Bounds and Transformations for Finite Markov Decision Chains

New improved bounds on the optimal return function in finite state and action, infinite horizon, discounted stationary Markov decision chains are developed. They require solving a single constraint, bounded variable linear program, which can be done using marginal analysis. The bounds can be used for algorithmic termination criteria and improved tests for suboptimal decisions, using MacQueen’s [21] criterion. We show how to implement these tests so that little additional computational effort is required. We consider transformations which can be used to convert a process into an equivalent one which may be easier to solve. We present six general transformations (some of which are new) which can be used. Important characteristics of the transformations are discussed.
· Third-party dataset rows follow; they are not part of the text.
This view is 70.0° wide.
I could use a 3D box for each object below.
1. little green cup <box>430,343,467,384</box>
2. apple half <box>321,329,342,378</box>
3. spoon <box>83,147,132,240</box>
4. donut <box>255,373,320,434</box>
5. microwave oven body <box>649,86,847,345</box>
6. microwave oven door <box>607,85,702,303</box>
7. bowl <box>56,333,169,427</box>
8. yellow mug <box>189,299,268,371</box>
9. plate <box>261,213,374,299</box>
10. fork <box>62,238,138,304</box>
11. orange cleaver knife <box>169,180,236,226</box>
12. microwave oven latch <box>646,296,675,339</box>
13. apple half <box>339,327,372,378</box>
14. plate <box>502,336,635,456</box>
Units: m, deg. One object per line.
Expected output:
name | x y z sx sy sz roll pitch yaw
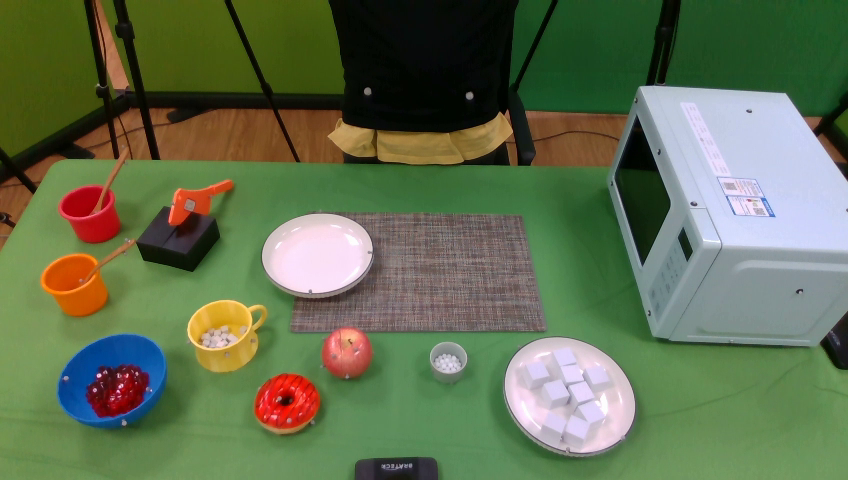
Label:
little green cup | 0.039 0.203 0.994 0.061 0.039 0.061 2 46 -2
apple half | -0.149 0.186 0.972 0.033 0.081 0.080 -2 46 -12
spoon | -0.602 -0.089 1.157 0.041 0.022 0.194 27 95 20
donut | -0.209 0.249 0.928 0.099 0.048 0.098 3 43 -3
microwave oven body | 0.567 -0.053 1.118 0.326 0.261 0.439 2 45 -1
microwave oven door | 0.423 -0.094 1.140 0.039 0.245 0.353 2 46 -1
bowl | -0.456 0.223 0.911 0.151 0.077 0.150 3 45 -2
yellow mug | -0.316 0.148 1.002 0.131 0.064 0.099 -33 56 -31
plate | -0.198 0.032 1.137 0.209 0.038 0.208 2 46 -2
fork | -0.547 0.053 1.018 0.207 0.019 0.028 -36 41 23
orange cleaver knife | -0.436 -0.076 1.199 0.012 0.077 0.211 18 18 9
microwave oven latch | 0.412 0.134 1.061 0.030 0.029 0.078 4 45 1
apple half | -0.111 0.182 0.980 0.053 0.075 0.080 -2 42 -12
plate | 0.225 0.248 0.963 0.208 0.039 0.206 2 46 -2

For example, we examine whether they reduce the spectral radius and/or the norm (maximum row sum) of the process. The new bounds require equal row sums (such as in Blackwell [41]). We show that this is not a limitation. Given a process which has equal row sums, we specify some special cases (of the general transformations) which will reduce the norm and preserve equality of the row sums. One of these, called the diagonal reduction, reduces all diagonal elements by the smallest such element, and increases the off diagonal elements. When the same general transformation is used to reduce all diagonal elements to zero, we obtain Jacobi iteration (and possibly unequal row sums). Another special case, called the scalar fixed matrix reduction, may deteriorate the sparsity of the process. Another case, called the Ross reduction, not only retains equality of the row sums and preserves sparsity, but can make a dramatic reduction in the norm when it applies. For each column, it reduces each element in that column by the smallest such element.